Chronic Intermittent Ethanol Treatment in Rats Increases GABAA Receptor α4-Subunit Expression: Possible Relevance to Alcohol Dependence


Address correspondence and reprint requests to Dr. R. W. Olsen at Department of Molecular and Medical Pharmacology, UCLA School of Medicine, Box 951735, Los Angeles, CA 90095, U.S.A.

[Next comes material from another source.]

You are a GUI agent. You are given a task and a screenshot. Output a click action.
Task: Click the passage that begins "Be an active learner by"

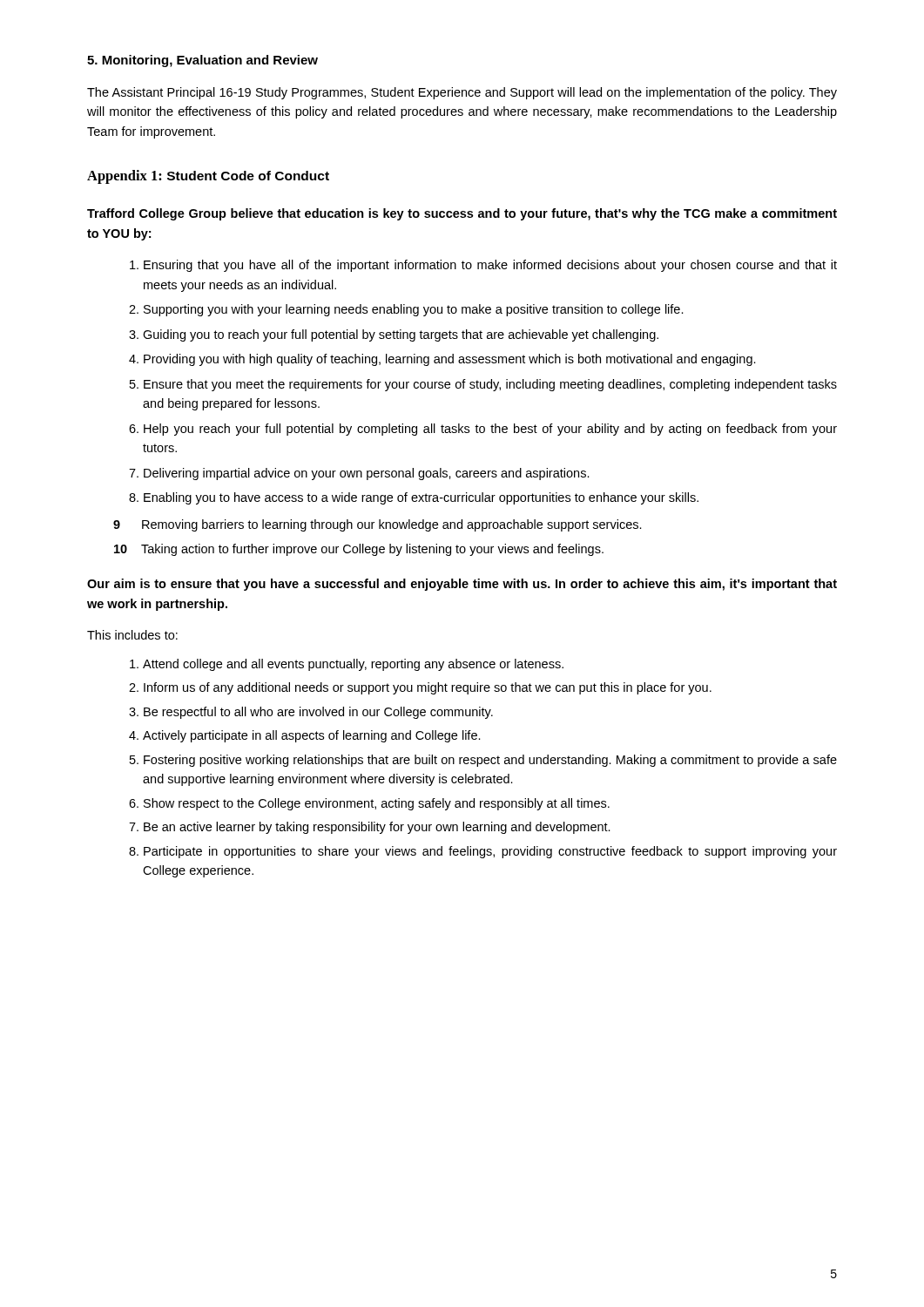click(x=377, y=827)
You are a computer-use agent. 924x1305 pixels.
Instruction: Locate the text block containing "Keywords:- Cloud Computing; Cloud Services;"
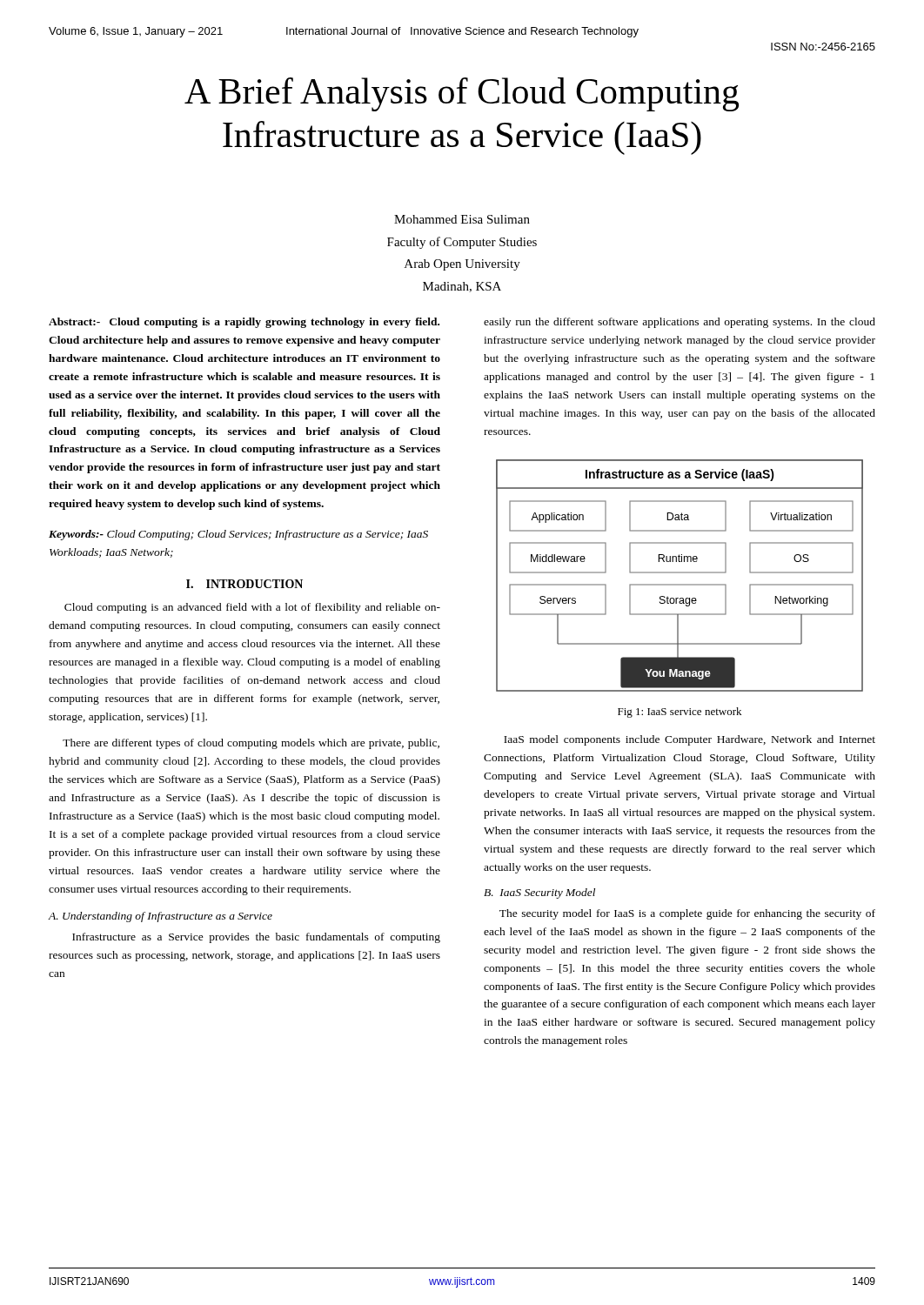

Abstract: Chronic administration of ethanol to rats on an intermittent regimen, for 60 repeated intoxicating doses and repeated withdrawal episodes, results in a long-lasting kindling phenomenon. This involves an increasing severity of withdrawal, including a reduced threshold to seizures produced by the GABAA antagonist, pentylenetetrazol. We have shown previously that muscimol-evoked 36Cl efflux and paired-pulse inhibition (involving GABAA-mediated recurrent inhibition) were decreased persistently in the CA1 region of hippocampal slices from chronic intermittent ethanol (CIE)-treated rats. We now report elevated levels of mRNA in forebrain for the α4 subunit of the GABAA receptor (GABAR), considered to be a constituent of pharmacologically and physiologically novel subtypes of GABARs. Using in situ hybridization with digoxigenin-labeled RNA probes, we show that at 2 days withdrawal, 60-dose CIE leads to a significant 30% increase in α4 subunit mRNA levels in the dentate gyrus, 46% increase in the CA3, and 26% increase in the CA1 regions. In contrast, there was no significant change in the mRNAs for the α5 subunit or glutamic acid decarboxylase 67 in the same regions. This study suggests that GABAR subunit-selective alterations occur after CIE treatment, possibly resulting in the alteration of the subunit composition of GABARs, with presumably altered physiological functions. This plasticity of GABARs may contribute to the increased withdrawal severity, reduced hippocampal inhibition, and increased seizure susceptibility of this animal model of human alcohol dependence.